__/ [ nessuno@xxxxxxxxxxxxxxxxxxx ] on Thursday 11 May 2006 17:19 \__
> "Shoving everything out to make it on time...
> "THERE ARE MANY unhappy people in the industry right now. Unhappy
> engineers that work in R&D departments of various network solution
> companies. Why? Well, 'rushing out the door' why. That sort of 'why'.
> "While software vendors are worried that Windows Vista will blow
> everybody away with its security features, paid version of AntiSpyware
> and AntiVirus software and the like, the truth is that all of those
> features will be slow as a dog, since Microsoft decided to do network
> and network security paying little attention to the hardware that
> features those security technologies.
> "Most notably, Intel Bensley and Nvidia Nforce boards feature advanced
> features in the TCP/IP world, most notably TCP/IP offload engines. The
> tech that advanced network companies deploy lowers the CPU usage by a
> factor of about 30%, sometimes even 40% less CPU utilization...). Of
> course, without support for the Offload Engine, CPU power consumption
> stays at very high levels and there you have it - you have to pay for
> both the software and services that will actually raise your power
> bill, since the CPU won't be able to save power by decreasing the clock
> speed such as Cool'n'Quiet, and SpeedStep.
Just to add, OpenGL will be run on top of ActiveX, if I recall correctly.

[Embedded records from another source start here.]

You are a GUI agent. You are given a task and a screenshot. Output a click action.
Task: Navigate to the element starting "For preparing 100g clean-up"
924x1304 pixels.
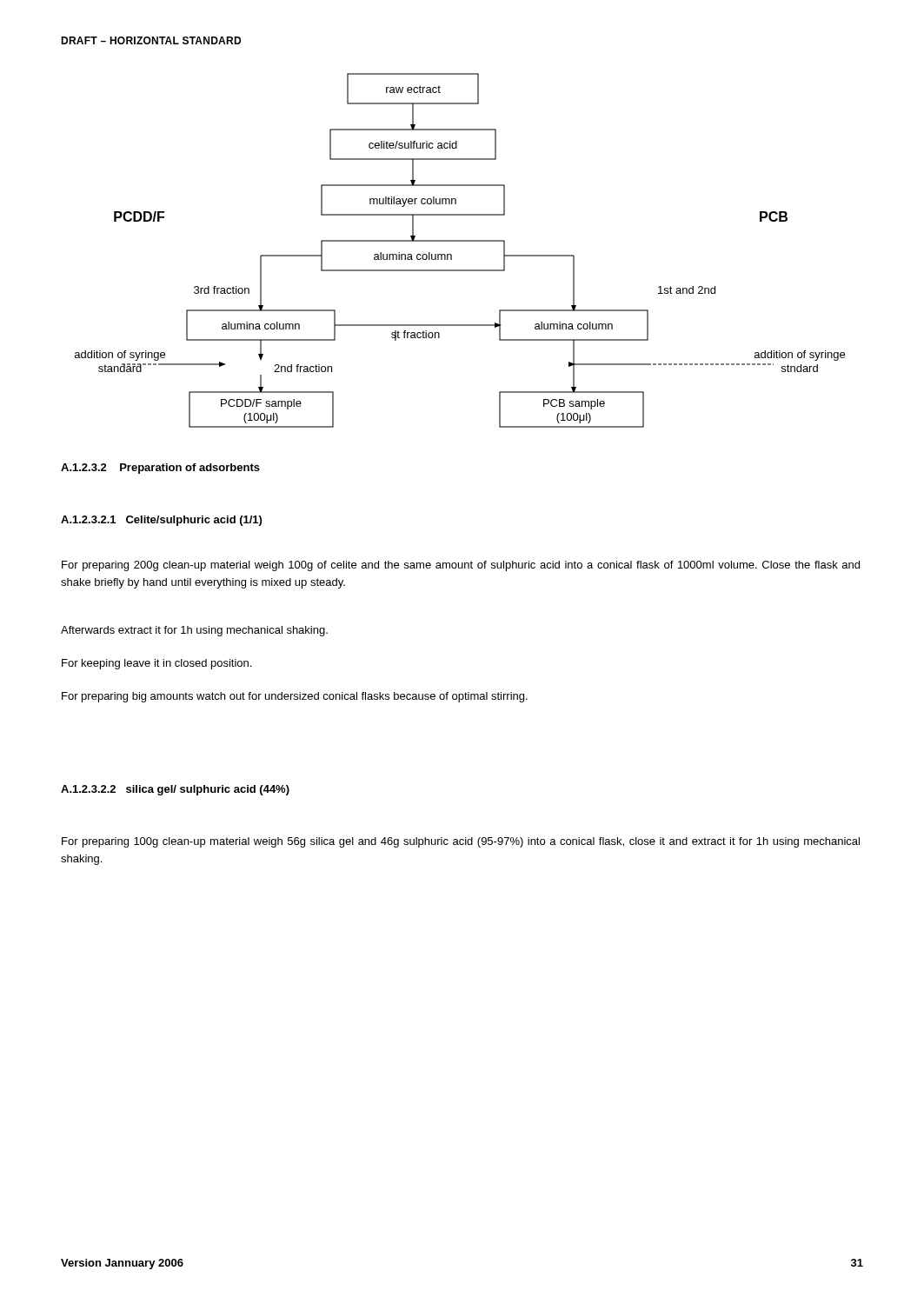[x=461, y=850]
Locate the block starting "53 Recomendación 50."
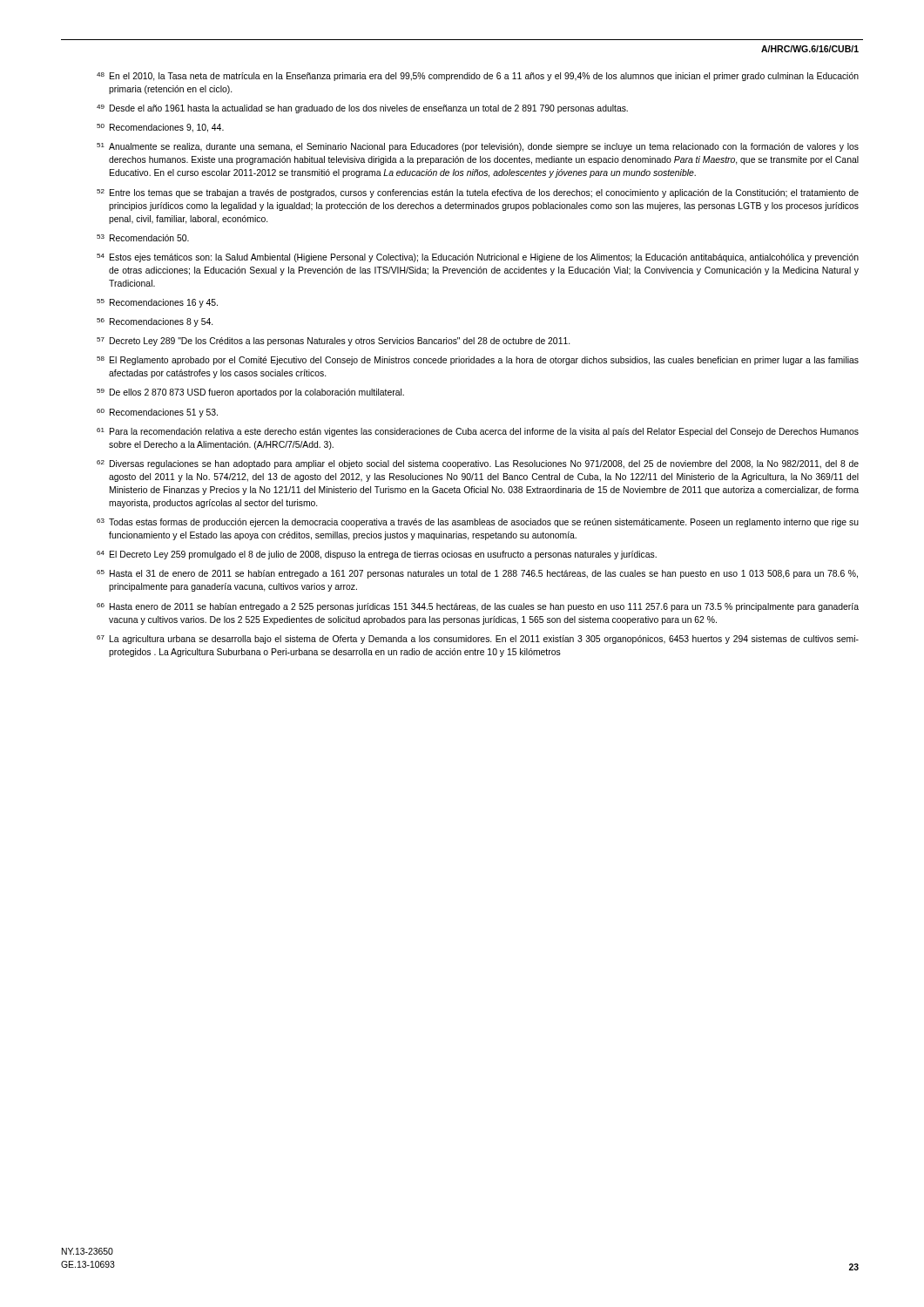This screenshot has height=1307, width=924. (x=125, y=238)
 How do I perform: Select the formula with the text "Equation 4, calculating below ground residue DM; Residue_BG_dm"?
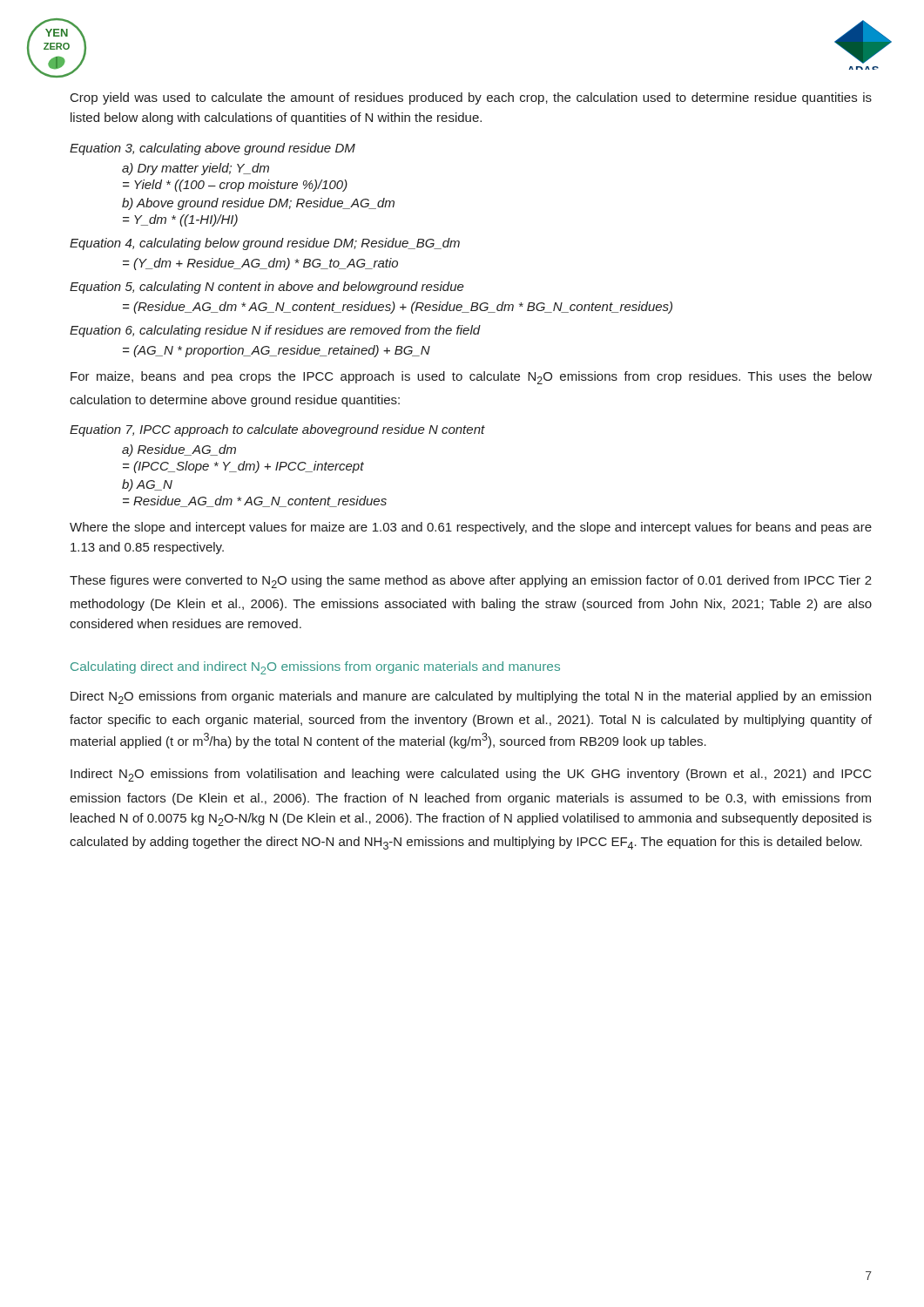[265, 244]

This means that there will be a performance penalty for OpenGL programs
. Among other editorials I have come across: no proper support for
Palm-powered devices (most Linux-distributions have handheld support and
programs built-in, i.e. 'out of the box'). There are more, I'm sure, but
they just don't spring to mind at the moment. Many companies will be unha-
ppy. Some exceptions here:
,----[ Quote ]
| However, it is not all bad news for smaller security firms, as
| anti-virus vendors are expected to be safe from Microsoft's new security
| applications. Coupled with Microsoft's record for security flaws in
| its software, it is likely that third-party anti-virus vendors will
| still be kept quite busy, as the software giant has a lot of ground to
| make up with consumers.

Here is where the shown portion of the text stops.